Summary: [ceph-container] - dmcrypt - osds failed to start after node reboot
Product: [Red Hat Storage] Red Hat Ceph Storage Reporter: Vasishta <vashastr>
Component: ContainerAssignee: Sébastien Han <shan>
Status: CLOSED CURRENTRELEASE QA Contact: Harish NV Rao <hnallurv>
Severity: high Docs Contact:
Priority: unspecified    
Version: 2.4CC: dang, hchen, jim.curtis, jschluet, kdreyer, pprakash, seb, shan, tserlin
Target Milestone: rc   
Target Release: 2.4   
Hardware: Unspecified   
OS: Unspecified   
Whiteboard:
Fixed In Version: ceph-2-rhel-7-docker-candidate-30274-20170914211241 Doc Type: Bug Fix
Doc Text:
.Encrypted containerized OSDs starts as expected after a reboot Encrypted containerized OSD daemons failed to start after a reboot. In addition, the following log message was added to the OSD log file: ---- filestore(/var/lib/ceph/osd/bb-1) mount failed to open journal /var/lib/ceph/osd/bb-1/journal: (2) No such file or directory ---- This bug has been fixed, and such OSDs start as expected in this situation.
Story Points: ---
Clone Of: Environment:
Last Closed: 2018-05-30 15:28:13 UTC Type: Bug
Regression: --- Mount Type: ---
Documentation: --- CRM:
Verified Versions: Category: ---
oVirt Team: --- RHEL 7.3 requirements from Atomic Host:
Cloudforms Team: --- Target Upstream Version:
Embargoed:
Bug Depends On: 1503598    
Bug Blocks: 1473436, 1479701    
Attachments:
Description Flags
File contains log snippet of an OSD service none

Description Vasishta 2017-09-04 12:59:00 UTC
Created attachment 1321841 [details]
File contains log snippet of an OSD service

Description of problem:

After upgrading cluster (OSDs - dmcrypt & dedicated journal) from 2.3 to 2.4, OSDs are failing to get started on rebooting the OSD node, saying mount 'failed to open journal'. 

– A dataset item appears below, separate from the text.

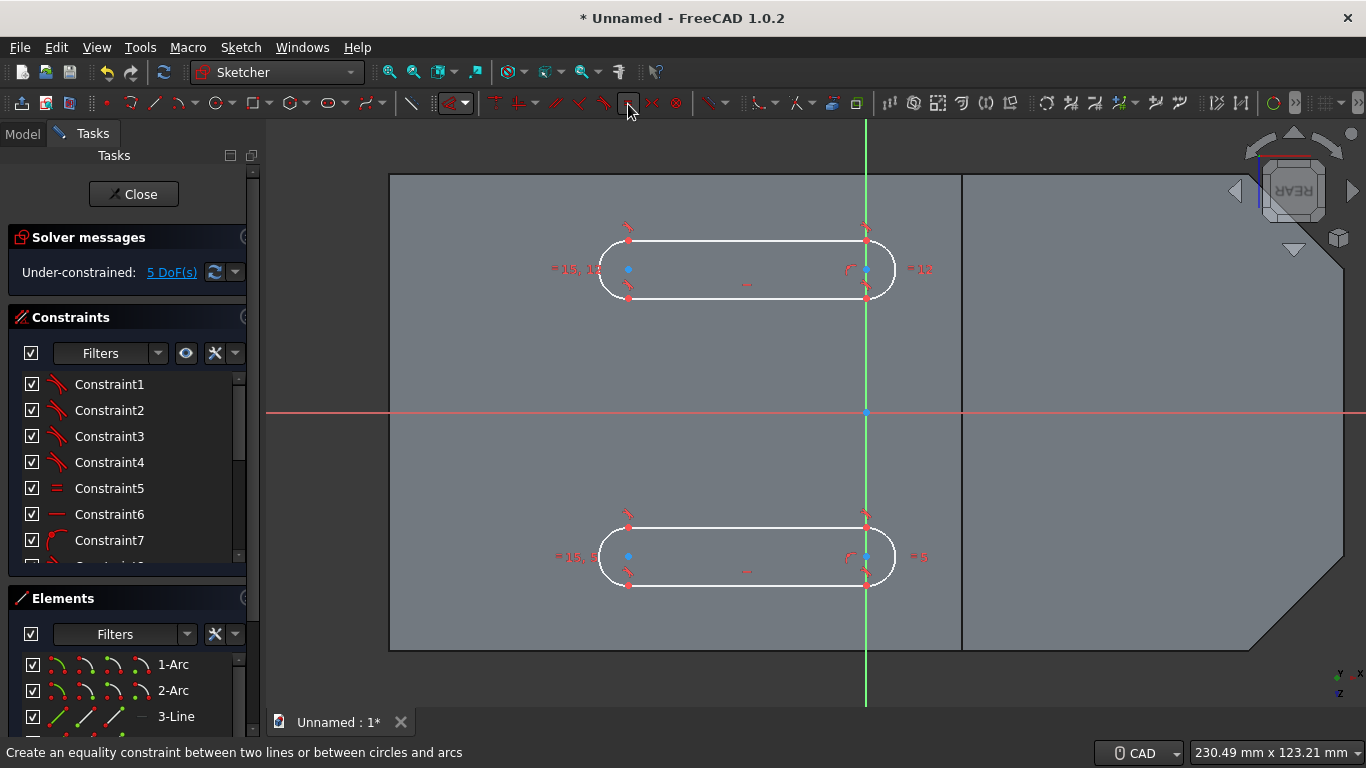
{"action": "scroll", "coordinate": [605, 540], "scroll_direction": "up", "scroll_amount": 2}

Not sure whether this issue is dependent on upgrade or not, as upgrade worked fine. OSD services started and was running fine after following upgrade procedure (service start).

Version-Release number of selected component (if applicable):
ceph version 10.2.7-32.el7cp
brew-pulp-docker01.web.<-->:8888/rhceph:2.4

How reproducible:
Always (2/2)

Steps to Reproduce:
1. Upgrade a containerized ceph cluster with encrypted OSDs and dedicated journals from 2.3 to 2.4
2. Reboot an OSD Node 


Actual results:
OSD services are not getting started after node reboot
Log snippet - filestore(/var/lib/ceph/osd/bb-1) mount failed to open journal /var/lib/ceph/osd/bb-1/journal: (2) No such file or directory

Expected results:
OSD services must get started after node reboot

Comment 3 seb 2017-09-05 13:11:49 UTC
There is fix for this in 3.0.
Not sure how I can do a backport for this.

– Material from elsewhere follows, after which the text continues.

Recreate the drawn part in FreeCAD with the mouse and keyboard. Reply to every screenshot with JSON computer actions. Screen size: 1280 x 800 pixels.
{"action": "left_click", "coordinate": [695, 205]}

@Ken, which branch should I use to backport a fix?
Thanks!

Comment 5 seb 2017-09-05 14:13:14 UTC
lgtm.

Comment 10 Sébastien Han 2017-10-18 09:03:14 UTC
LGTM, thanks

Comment 11 Jon Schlueter 2017-10-18 14:14:35 UTC
Latest build of ceph2 container image is broken rhceph-rhel7-docker-2.4-3 see bug 1503598  The revert was not sufficient and complete to get us back to something that works.


$ docker run  -it  brew-pulp-docker01.web.prod.ext.phx2.redhat.com:8888/rhceph:2.4-3  version
common_functions.sh: line 3: disk_list.sh: No such file or directory

Comment 14 Ken Dreyer (Red Hat) 2018-05-30 15:28:13 UTC
please reopen if this is still an issue